終戦から数年の頃は、ノーズがこの日に甘いものだけを口にする意図を察する者が多かった。
欠けた左耳と、お世辞にも綺麗とは言えない身なり。そしてしばらくの間、手放さなかった軍靴が戦地帰りあることを物語っていたからだ。
初めてこの店で終戦の日を迎えた時には、店主に「あんた、そんなに甘いものが恋しかったのかい」と、思わずといった様子で声をかけられたものだ。
実際のところ、周囲が思うほどノーズの行動に感傷的な理由があるわけではない。
ただ毎年この時期にケチ臭い生活をしていると、嫌でも戦地での出来事を思い出してうんざりした。贅沢が戦時中の敵というならば、質素倹約は平時の敵だ。
あの馬鹿げた日々の記憶に対する対抗手段は、こうして自堕落で怠惰な一日を過ごす他なかった。
ただ最近では、周囲には異様に甘いもの好きの変わり者としか映らなくなった気がする。
時が経ち、あの時代のことをなかったことにする連中が増えたのも理由の一つだ。だが何よりも影響しているのは、机を挟んで正面に座るディーの存在だろう。
「ホットケーキも頼もうか」
ノーズの胃の中にまた一つ、ケーキが消えそうになっているのを見て、ディーは紫の瞳を細めて穏やかに微笑んだ。
休日だというのに、ディーは普段と変わらない糊のきいた白いシャツと、体の線に合った黒いズボンを履いている。後ろに綺麗に撫で付けた髪も相まって、常にだぶついた服装のノーズと違い、清潔感があった。

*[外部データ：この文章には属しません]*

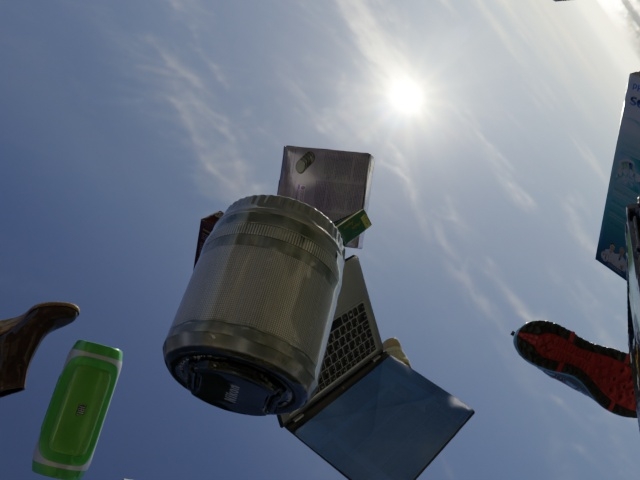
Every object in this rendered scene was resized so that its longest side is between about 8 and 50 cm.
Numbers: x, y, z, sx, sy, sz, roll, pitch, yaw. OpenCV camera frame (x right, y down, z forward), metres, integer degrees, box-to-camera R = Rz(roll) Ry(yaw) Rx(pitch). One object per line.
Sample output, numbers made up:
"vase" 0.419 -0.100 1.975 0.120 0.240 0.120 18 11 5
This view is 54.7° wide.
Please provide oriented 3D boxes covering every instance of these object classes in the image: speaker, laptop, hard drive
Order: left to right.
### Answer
"speaker" -0.556 0.386 1.424 0.131 0.131 0.296 28 -112 -38
"laptop" 0.102 0.268 1.335 0.382 0.236 0.408 -25 -78 -48
"hard drive" 0.406 0.142 0.728 0.339 0.064 0.237 61 -148 -42

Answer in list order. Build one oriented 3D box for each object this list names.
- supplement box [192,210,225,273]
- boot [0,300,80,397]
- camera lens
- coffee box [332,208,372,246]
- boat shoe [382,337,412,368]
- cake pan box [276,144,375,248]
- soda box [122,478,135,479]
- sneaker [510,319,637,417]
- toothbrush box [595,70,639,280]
"supplement box" -0.226 0.066 1.452 0.130 0.239 0.073 28 -147 19
"boot" -0.690 0.262 1.460 0.090 0.248 0.207 81 171 -51
"camera lens" -0.089 0.098 0.905 0.219 0.219 0.274 37 -131 -28
"coffee box" 0.000 0.000 1.209 0.113 0.184 0.040 -34 -81 -50
"boat shoe" 0.179 0.357 1.693 0.109 0.302 0.098 -7 -120 -9
"cake pan box" 0.007 -0.111 1.646 0.070 0.246 0.266 12 -95 -69
"soda box" -0.275 0.499 1.100 0.091 0.098 0.286 25 164 25
"sneaker" 0.470 0.221 1.117 0.262 0.104 0.125 32 176 8
"toothbrush box" 0.528 -0.092 0.855 0.126 0.216 0.295 -126 28 -56
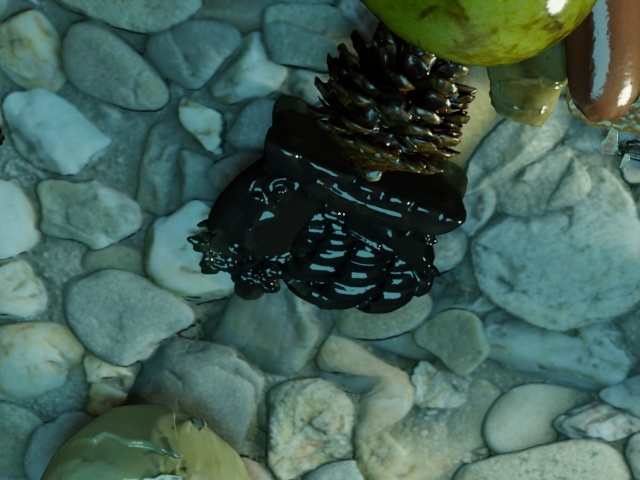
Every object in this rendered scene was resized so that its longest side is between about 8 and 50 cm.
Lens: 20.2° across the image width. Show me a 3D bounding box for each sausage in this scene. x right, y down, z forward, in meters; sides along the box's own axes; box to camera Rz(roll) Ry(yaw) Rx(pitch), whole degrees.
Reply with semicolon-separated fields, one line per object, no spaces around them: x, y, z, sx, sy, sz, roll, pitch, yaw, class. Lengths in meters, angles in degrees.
0.262;-0.205;1.664;0.077;0.077;0.194;-2;110;7;sausage

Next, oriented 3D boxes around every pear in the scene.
0.128;-0.290;1.529;0.283;0.283;0.283;3;125;4;pear

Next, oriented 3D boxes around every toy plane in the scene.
0.334;-0.078;1.792;0.120;0.031;0.049;14;120;-7;toy plane

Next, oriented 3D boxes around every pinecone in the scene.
0.074;-0.139;1.702;0.173;0.173;0.173;3;125;4;pinecone

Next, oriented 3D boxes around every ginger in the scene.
0.185;-0.184;1.709;0.095;0.069;0.190;-9;127;35;ginger

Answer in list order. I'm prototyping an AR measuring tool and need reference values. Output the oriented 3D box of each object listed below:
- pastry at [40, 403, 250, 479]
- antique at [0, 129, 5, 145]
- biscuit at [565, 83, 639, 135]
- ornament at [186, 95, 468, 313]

毎年こうして勝手に喫茶店までついてくるディーは心得たものだ。「この歳でどれだけ食べるんだい」「毎年よく飽きないね」といったわかりきった質問はしてこない。
「おいしいかい」
時々それだけ訊ねて、自分は一個のケーキと何杯かのコーヒー、店内に置かれている新聞だけで何時間もノーズと一緒にいた。
ディーが傍にいるだけで、ノーズは自分が望まざるとも日常の世界に組み込まれてしまうことを自覚している。
乱雑に食事を続けるノーズとは対照的に、落ち着き払った口調に、品のある所作。ディーはどう見ても正しく年齢を重ねた男性としか映らず、同じ世界を見てきた人間とは到底思えない。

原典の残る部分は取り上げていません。